2.        Take the attention off of yourself

We’re feeling beings. We almost always know when someone is present or checked out when we’re engaging with them. In a relationship, it’s especially important to trust that your partner loves and cares about you, that she isn’t going anywhere and is committed to making the partnership work. If you can create this trust as your baseline level of connection and commit to believing her, your head won’t be polluted with doubt, fear, and chatter that you’re not good enough, that she doesn’t love you, that she’s going to break up with you and leave you for her coworker she always talks about, etc. When your mind is constantly being filled with those voices, you’re not present and you can’t feel each other. Decide you’re a worthy and capable partner from the start and the attention you’re able to provide to her will expand, will have her open, and express more than you knew was possible.

3.        Listen to your body

Again, we are feeling beings. We can feel when something doesn’t land or wasn’t received in the intended way. Listen to how you feel when you’re communicating with your partner. Does it feel open, easy, in flow, or is there a charge or residue from perhaps a previous discussion that wasn’t properly concluded? Trust this and offer, “Did something I say earlier upset you? Is there anything on your mind? Do you need anything from me?” Trust what you feel and extend yourself to identify it. We don’t always have words for what’s going on, but don’t be afraid to venture into potentially difficult territory by doing the best you can. What’s on the other side is more intimacy and connection. Be willing to say the uncomfortable thing and you’ll almost always be rewarded. Be willing to risk for the connection.

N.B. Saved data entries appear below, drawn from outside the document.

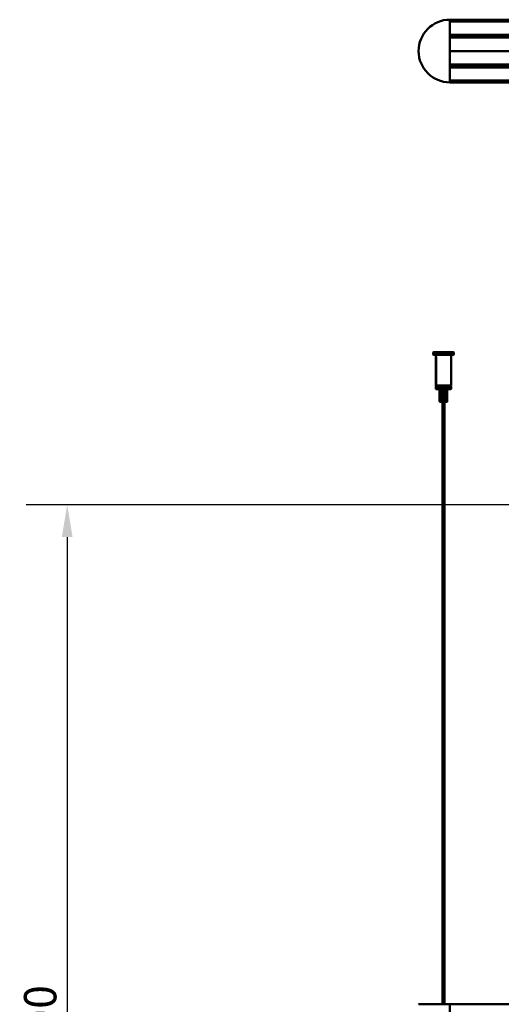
# Model space of a CAD drawing. Header units: millimetres. Extents: x 460 to 2336, y 1062 to 2601.
# Tile 4 of 9: x 460 to 833, y 1833 to 2595. Entities that reach past the tile are written whole.
import ezdxf

# ---------------------------------------------------------------- set-up
doc = ezdxf.new("R2010")
doc.units = ezdxf.units.MM
doc.header["$LTSCALE"] = 10
doc.layers.add('Quota (ISO)', color=7, linetype='Continuous', lineweight=25)
doc.layers.add('Visibile (ISO)', color=7, linetype='Continuous', lineweight=50)
doc.styles.add('Testo nota (ISO)', font='tahoma.ttf')
doc.dimstyles.new('PENTA', dxfattribs={"dimscale": 10, "dimtxt": 2.5, "dimasz": 2.5, "dimexe": 3.175, "dimexo": 0, "dimgap": 0.762, "dimtad": 1, "dimrnd": 1e-08, "dimtxsty": 'Testo nota (ISO)', "dimcen": 0.09, "dimdle": 10, "dimclrd": 256, "dimclre": 256, "dimclrt": 256, "dimazin": 2, "dimtfac": 0.8, "dimtmove": 0, "dimatfit": 3, "dimfxl": 1, "dimtolj": 1, "dimlwd": -1, "dimlwe": -1, "dimarcsym": 0})

# ---------------------------------------------------------------- blocks, each defined once
blk = doc.blocks.new('*D43')
at = {"layer": 'Defpoints', "color": 0, "transparency": 16777216}
for p in [(1086.47, 2220.02), (496.84, 1420.26), (1108.27, 1420.26)]:
    blk.add_point(p, dxfattribs=at)
at = {"layer": 'Quota (ISO)', "transparency": 16777216}
for p, q in [((1086.47, 2220.02), (465.09, 2220.02)), ((496.84, 2195.02), (496.84, 1445.26)), ((1108.27, 1420.26), (465.09, 1420.26))]:
    blk.add_line(p, q, dxfattribs=at)
for points in [[(492.67, 2195.02), (501, 2195.02), (496.84, 2220.02)], [(492.67, 1445.26), (501, 1445.26), (496.84, 1420.26)]]:
    blk.add_solid(points, dxfattribs=at)
at = {"layer": 'Quota (ISO)', "transparency": 16777216, "insert": (476.15, 1820.41), "char_height": 25, "attachment_point": 5, "rotation": 90, "style": 'Testo nota (ISO)'}
blk.add_mtext('\\A1;800', dxfattribs=at)

msp = doc.modelspace()

# ---------------------------------------------------------------- linework, layer by layer
at = {"layer": 'Visibile (ISO)'}
for p, q in [((792.933, 2595.319), (792.933, 2595.119)), ((792.933, 2595.319), (1802.933, 2595.319)), ((792.933, 2595.119), (792.933, 2594.123)), ((792.933, 2547.069), (792.933, 2595.069)), ((1802.933, 2593.923), (792.933, 2593.923)), ((792.933, 2583.714), (1802.933, 2583.714)), ((792.933, 2583.514), (792.933, 2582.259)), ((1802.933, 2582.059), (792.933, 2582.059)), ((802.734, 2581.733), (792.933, 2581.819)), ((793.933, 2581.579), (1801.933, 2581.579)), ((843.433, 2571.079), (792.933, 2571.079)), ((843.433, 2571.079), (792.933, 2571.079)), ((792.933, 2560.319), (802.734, 2560.404)), ((792.933, 2560.079), (1802.933, 2560.079)), ((792.933, 2559.879), (792.933, 2558.623)), ((793.933, 2560.579), (1801.933, 2560.579)), ((1802.933, 2558.423), (792.933, 2558.423)), ((792.933, 2548.214), (1802.933, 2548.214)), ((792.933, 2548.014), (792.933, 2547.019)), ((792.933, 2547.019), (792.933, 2546.819)), ((1802.933, 2546.819), (792.933, 2546.819)), ((780.133, 2338.071), (779.933, 2337.871)), ((795.933, 2337.871), (779.933, 2337.871)), ((779.933, 2336.271), (779.933, 2337.871)), ((779.933, 2336.271), (795.933, 2336.271)), ((780.133, 2336.071), (779.933, 2336.271)), ((780.133, 2338.071), (795.733, 2338.071)), ((795.733, 2336.071), (780.133, 2336.071)), ((781.933, 2336.071), (781.933, 2312.271)), ((782.383, 2334.571), (781.942, 2334.571)), ((781.942, 2312.271), (781.942, 2334.571)), ((782.383, 2334.571), (782.383, 2312.271)), ((793.933, 2336.071), (793.933, 2312.271)), ((795.733, 2338.071), (795.933, 2337.871)), ((795.733, 2336.071), (795.933, 2336.271)), ((795.933, 2336.271), (795.933, 2337.871)), ((781.933, 2312.271), (781.942, 2312.271)), ((782.133, 2312.071), (781.933, 2312.271)), ((793.933, 2311.513), (781.933, 2311.513)), ((781.933, 2309.713), (781.933, 2311.513)), ((781.933, 2309.713), (793.933, 2309.713)), ((782.133, 2309.513), (781.933, 2309.713)), ((782.14, 2312.071), (782.133, 2312.071)), ((793.733, 2309.513), (782.133, 2309.513)), ((782.581, 2312.071), (782.14, 2312.071)), ((782.383, 2312.271), (793.933, 2312.271)), ((793.733, 2312.071), (782.581, 2312.071)), ((782.933, 2311.513), (782.933, 2312.071)), ((784.968, 2299.899), (784.968, 2309.513)), ((785.134, 2299.843), (785.134, 2309.513)), ((785.226, 2309.513), (785.226, 2299.911)), ((785.994, 2299.586), (785.994, 2309.513)), ((786.504, 2309.513), (786.504, 2299.911)), ((787.448, 2299.586), (787.448, 2309.513)), ((788.327, 2309.513), (788.327, 2299.911)), ((789.087, 2299.586), (789.087, 2309.513)), ((790, 2309.513), (790, 2299.911)), ((790.302, 2299.692), (790.302, 2309.513)), ((790.883, 2309.513), (790.883, 2299.911)), ((790.897, 2299.899), (790.897, 2309.513)), ((792.933, 2311.513), (792.933, 2312.071)), ((793.733, 2312.071), (793.933, 2312.271)), ((793.733, 2309.513), (793.933, 2309.713)), ((793.933, 2309.713), (793.933, 2311.513)), ((785.33, 2299.513), (785.041, 2299.802)), ((785.33, 2299.513), (790.535, 2299.513)), ((787.183, 2299.513), (787.183, 1833.663)), ((788.683, 2299.513), (788.683, 1833.676)), ((790.535, 2299.513), (790.824, 2299.802)), ((768.93, 1833.504), (792.933, 1833.714)), ((792.933, 1833.714), (792.933, 1833.514)), ((792.933, 1833.714), (1802.933, 1833.714)), ((792.933, 1806.714), (792.933, 1833.514))]:
    msp.add_line(p, q, dxfattribs=at)
for centre, radius, start, end in [((792.933, 2571.069), 24.25, 90, 270), ((793.933, 2580.579), 1, 90, 180), ((802.733, 2581.533), 0.2, 13.159027, 89.5), ((793.933, 2561.579), 1, 180, 270), ((802.733, 2560.604), 0.2, 270.5, 352.665918), ((768.933, 1833.254), 0.25, 90.5, 180)]:
    msp.add_arc(centre, radius, start, end, dxfattribs=at)
for points, weights in [([(782.14, 2312.071), (782.042, 2312.169), (781.942, 2312.271)], [1, 1.00654829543, 1.01283981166]), ([(782.383, 2312.271), (782.484, 2312.169), (782.581, 2312.071)], [1.01283981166, 1.00654829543, 1])]:
    msp.add_rational_spline(points, weights, degree=2, dxfattribs=at)
for points, knots in [([(785.281, 2299.586), (785.231, 2299.629), (785.183, 2299.671), (785.088, 2299.756), (785.046, 2299.796), (784.994, 2299.852), (784.976, 2299.874), (784.969, 2299.893), (784.968, 2299.896), (784.968, 2299.899)], [0.387996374, 0.387996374, 0.387996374, 0.387996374, 0.411509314, 0.411509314, 0.440312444, 0.440312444, 0.464716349, 0.464716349, 0.471016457, 0.471016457, 0.471016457, 0.471016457]), ([(785.226, 2299.911), (785.194, 2299.91), (785.169, 2299.903), (785.136, 2299.874), (785.131, 2299.852), (785.14, 2299.796), (785.158, 2299.756), (785.213, 2299.671), (785.245, 2299.629), (785.281, 2299.586)], [0.490998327, 0.490998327, 0.490998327, 0.490998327, 0.513524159, 0.513524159, 0.537928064, 0.537928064, 0.566731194, 0.566731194, 0.590244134, 0.590244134, 0.590244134, 0.590244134]), ([(785.994, 2299.586), (785.927, 2299.629), (785.854, 2299.671), (785.696, 2299.756), (785.611, 2299.796), (785.474, 2299.852), (785.411, 2299.874), (785.304, 2299.903), (785.26, 2299.91), (785.226, 2299.911)], [0.387996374, 0.387996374, 0.387996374, 0.387996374, 0.411509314, 0.411509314, 0.440312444, 0.440312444, 0.464716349, 0.464716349, 0.487242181, 0.487242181, 0.487242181, 0.487242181]), ([(786.504, 2299.911), (786.438, 2299.91), (786.371, 2299.903), (786.249, 2299.874), (786.195, 2299.852), (786.103, 2299.796), (786.062, 2299.756), (786.013, 2299.671), (786, 2299.629), (785.994, 2299.586)], [0.490998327, 0.490998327, 0.490998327, 0.490998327, 0.513524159, 0.513524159, 0.537928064, 0.537928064, 0.566731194, 0.566731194, 0.590244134, 0.590244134, 0.590244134, 0.590244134]), ([(787.448, 2299.586), (787.388, 2299.629), (787.32, 2299.671), (787.158, 2299.756), (787.062, 2299.796), (786.894, 2299.852), (786.808, 2299.874), (786.647, 2299.903), (786.571, 2299.91), (786.504, 2299.911)], [0.387996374, 0.387996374, 0.387996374, 0.387996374, 0.411509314, 0.411509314, 0.440312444, 0.440312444, 0.464716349, 0.464716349, 0.487242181, 0.487242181, 0.487242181, 0.487242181]), ([(788.327, 2299.911), (788.252, 2299.91), (788.17, 2299.903), (788.005, 2299.874), (787.922, 2299.852), (787.765, 2299.796), (787.68, 2299.756), (787.546, 2299.671), (787.492, 2299.629), (787.448, 2299.586)], [0.490998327, 0.490998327, 0.490998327, 0.490998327, 0.513524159, 0.513524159, 0.537928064, 0.537928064, 0.566731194, 0.566731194, 0.590244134, 0.590244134, 0.590244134, 0.590244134]), ([(789.087, 2299.586), (789.057, 2299.629), (789.019, 2299.671), (788.916, 2299.756), (788.846, 2299.796), (788.71, 2299.852), (788.636, 2299.874), (788.481, 2299.903), (788.402, 2299.91), (788.327, 2299.911)], [0.387996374, 0.387996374, 0.387996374, 0.387996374, 0.411509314, 0.411509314, 0.440312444, 0.440312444, 0.464716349, 0.464716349, 0.487242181, 0.487242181, 0.487242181, 0.487242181]), ([(790, 2299.911), (789.944, 2299.91), (789.879, 2299.903), (789.733, 2299.874), (789.653, 2299.852), (789.491, 2299.796), (789.395, 2299.756), (789.227, 2299.671), (789.153, 2299.629), (789.087, 2299.586)], [0.490998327, 0.490998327, 0.490998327, 0.490998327, 0.513524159, 0.513524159, 0.537928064, 0.537928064, 0.566731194, 0.566731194, 0.590244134, 0.590244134, 0.590244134, 0.590244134]), ([(790.285, 2299.586), (790.297, 2299.629), (790.304, 2299.671), (790.298, 2299.756), (790.281, 2299.796), (790.23, 2299.852), (790.194, 2299.874), (790.106, 2299.903), (790.054, 2299.91), (790, 2299.911)], [0.387996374, 0.387996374, 0.387996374, 0.387996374, 0.411509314, 0.411509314, 0.440312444, 0.440312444, 0.464716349, 0.464716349, 0.487242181, 0.487242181, 0.487242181, 0.487242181]), ([(790.883, 2299.911), (790.868, 2299.91), (790.843, 2299.903), (790.774, 2299.874), (790.727, 2299.852), (790.621, 2299.796), (790.551, 2299.756), (790.413, 2299.671), (790.348, 2299.629), (790.285, 2299.586)], [0.490998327, 0.490998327, 0.490998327, 0.490998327, 0.513524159, 0.513524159, 0.537928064, 0.537928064, 0.566731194, 0.566731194, 0.590244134, 0.590244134, 0.590244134, 0.590244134]), ([(790.824, 2299.802), (790.833, 2299.811), (790.841, 2299.819), (790.872, 2299.852), (790.889, 2299.874), (790.9, 2299.903), (790.896, 2299.91), (790.883, 2299.911)], [0.433233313, 0.433233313, 0.433233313, 0.433233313, 0.440312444, 0.440312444, 0.464716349, 0.464716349, 0.487242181, 0.487242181, 0.487242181, 0.487242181])]:
    msp.add_open_spline(points, degree=3, knots=knots, dxfattribs=at)

# ---------------------------------------------------------------- dimensions: what is measured, and where the dimension line sits
at = {"layer": 'Quota (ISO)'}
dim = msp.add_linear_dim(base=(496.838, 1420.262), p1=(1086.467, 2220.018), p2=(1108.274, 1420.262), angle=90, text='800', dimstyle='PENTA', override={"dimtofl": 0, "dimatfit": 1}, dxfattribs=at)
dim.commit()
dim.dimension.update_dxf_attribs({"geometry": '*D43', "text_midpoint": (496.838, 1820.41), "dimtype": 160})

doc.saveas('drawing.dxf')

4.        Remember everyone is trying their best 

When we come from a place of love, compassion, and empathy, things have a way of working out for the better. To the best of your ability, try to remember that your partner is their own person, with their own unique flaws and experiences that made them who they are and that got them here. They have various skills and challenges and their own set of voices in their head running all the time. They’re trying their best, given the tools they’ve been taught or given. Assume the best in them and make it your goal to help them win with you. Be as clear as you can when you can, and when you can’t, come back to a connection with vulnerability and honesty about where you were coming from and what you need. Ask them to do the same for you. Sometimes everyone needs a reminder of, “I love you and I’m doing my best.”

5.        Be curious

It can be difficult to stay conscious during heated or challenging arguments or discussions. As a follow-up to #3, listen to your body and always stay curious. Use your focused attention to ask questions and learn what’s going on for your partner. If you’re tuned in and find yourself genuinely curious about a certain statement, comment, trust yourself and ask about it! Perhaps there was an answer that landed a certain way in your body. You might ask something like, “What just happened there?” “What did you mean by that?” A bonus note is to always ask permission before asking a question. Say, “Can I ask something?” and then follow up with what you want to know more about. Remember, if you’re coming from a place of connection and love, and that they’re doing their best, it will come across in your communication and open spots that might have previously been an impasse or stuck place.